▶ _Exercise directions_
List each line of the data that holds the word "roll".

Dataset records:
━━━━━━━━━━━━━━━━━━━━━━━━━━━━━━

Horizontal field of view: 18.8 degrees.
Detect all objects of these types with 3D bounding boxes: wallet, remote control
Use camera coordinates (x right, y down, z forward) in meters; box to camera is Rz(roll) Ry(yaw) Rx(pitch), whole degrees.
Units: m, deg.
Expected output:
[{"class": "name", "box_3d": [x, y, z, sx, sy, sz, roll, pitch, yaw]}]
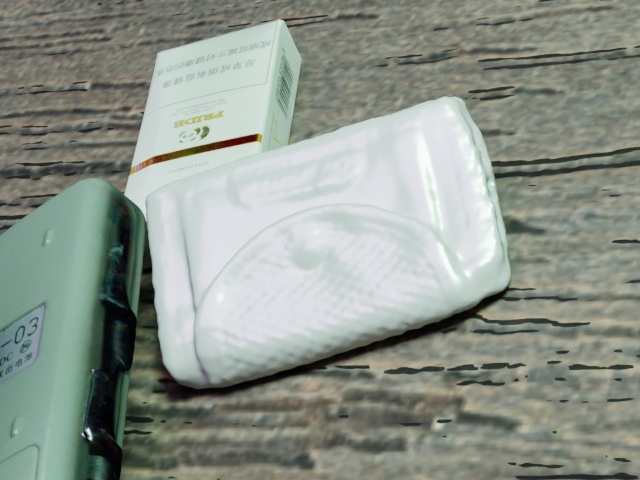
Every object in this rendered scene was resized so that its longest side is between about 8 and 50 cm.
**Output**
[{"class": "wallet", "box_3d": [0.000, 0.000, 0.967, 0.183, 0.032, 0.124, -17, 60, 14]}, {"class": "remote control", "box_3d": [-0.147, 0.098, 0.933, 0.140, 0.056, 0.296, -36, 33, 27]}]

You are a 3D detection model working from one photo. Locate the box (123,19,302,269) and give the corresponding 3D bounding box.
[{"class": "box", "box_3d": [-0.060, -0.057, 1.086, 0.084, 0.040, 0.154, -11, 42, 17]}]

━━━━━━━━━━━━━━━━━━━━━━━━━━━━━━

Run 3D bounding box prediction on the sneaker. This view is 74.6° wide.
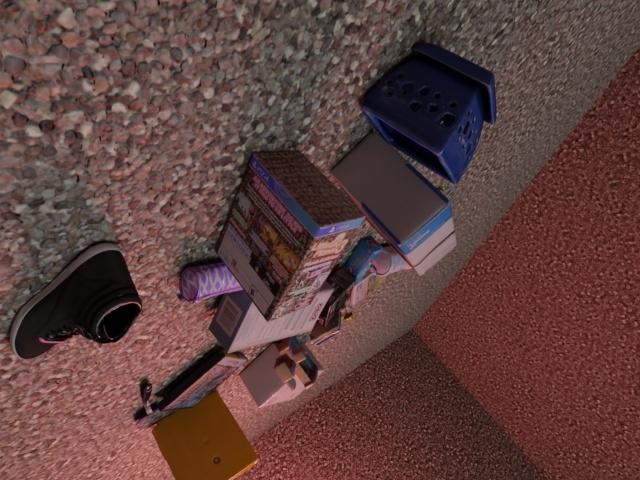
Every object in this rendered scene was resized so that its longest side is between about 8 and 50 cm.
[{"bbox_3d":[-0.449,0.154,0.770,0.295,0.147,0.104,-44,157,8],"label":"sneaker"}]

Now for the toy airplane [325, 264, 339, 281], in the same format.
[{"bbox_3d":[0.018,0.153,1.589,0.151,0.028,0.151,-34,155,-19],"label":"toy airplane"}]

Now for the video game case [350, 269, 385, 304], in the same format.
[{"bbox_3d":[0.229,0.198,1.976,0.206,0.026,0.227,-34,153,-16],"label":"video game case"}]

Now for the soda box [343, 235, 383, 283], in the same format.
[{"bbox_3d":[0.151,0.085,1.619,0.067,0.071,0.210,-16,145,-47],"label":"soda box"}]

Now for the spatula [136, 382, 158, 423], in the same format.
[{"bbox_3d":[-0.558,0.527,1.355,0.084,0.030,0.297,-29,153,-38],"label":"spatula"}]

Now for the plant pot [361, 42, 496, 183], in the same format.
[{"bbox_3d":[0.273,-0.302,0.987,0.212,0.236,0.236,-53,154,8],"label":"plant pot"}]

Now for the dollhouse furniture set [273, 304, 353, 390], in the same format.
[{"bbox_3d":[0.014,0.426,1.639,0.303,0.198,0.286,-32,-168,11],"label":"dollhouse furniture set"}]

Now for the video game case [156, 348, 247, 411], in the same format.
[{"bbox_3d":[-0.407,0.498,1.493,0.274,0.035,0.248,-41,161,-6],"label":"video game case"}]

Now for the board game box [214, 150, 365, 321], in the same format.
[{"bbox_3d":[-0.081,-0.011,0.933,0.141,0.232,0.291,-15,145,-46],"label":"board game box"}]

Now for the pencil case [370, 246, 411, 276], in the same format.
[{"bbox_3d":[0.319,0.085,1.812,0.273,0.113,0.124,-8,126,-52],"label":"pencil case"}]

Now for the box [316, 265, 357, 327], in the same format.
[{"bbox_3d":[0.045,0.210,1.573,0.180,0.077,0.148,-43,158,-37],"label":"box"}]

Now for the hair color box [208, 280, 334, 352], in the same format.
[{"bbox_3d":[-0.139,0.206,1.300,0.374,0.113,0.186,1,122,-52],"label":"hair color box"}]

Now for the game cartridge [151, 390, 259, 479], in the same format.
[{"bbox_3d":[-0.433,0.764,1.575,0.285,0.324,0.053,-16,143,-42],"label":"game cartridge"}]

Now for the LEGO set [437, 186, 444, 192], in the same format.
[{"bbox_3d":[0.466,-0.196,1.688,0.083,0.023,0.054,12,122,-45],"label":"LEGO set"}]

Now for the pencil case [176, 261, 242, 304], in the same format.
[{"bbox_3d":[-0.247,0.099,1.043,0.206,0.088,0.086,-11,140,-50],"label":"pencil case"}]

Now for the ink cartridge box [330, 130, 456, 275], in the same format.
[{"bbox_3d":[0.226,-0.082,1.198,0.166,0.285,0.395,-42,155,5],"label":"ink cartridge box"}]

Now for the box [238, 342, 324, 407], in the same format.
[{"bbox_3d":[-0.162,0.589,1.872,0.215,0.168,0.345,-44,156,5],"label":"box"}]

━━━━━━━━━━━━━━━━━━━━━━━━━━━━━━

▶ _Written solution_
Use camera coordinates (x right, y down, z forward) in meters; box to camera is Rz(roll) Ry(yaw) Rx(pitch), whole degrees.
[{"class": "name", "box_3d": [x, y, z, sx, sy, sz, roll, pitch, yaw]}]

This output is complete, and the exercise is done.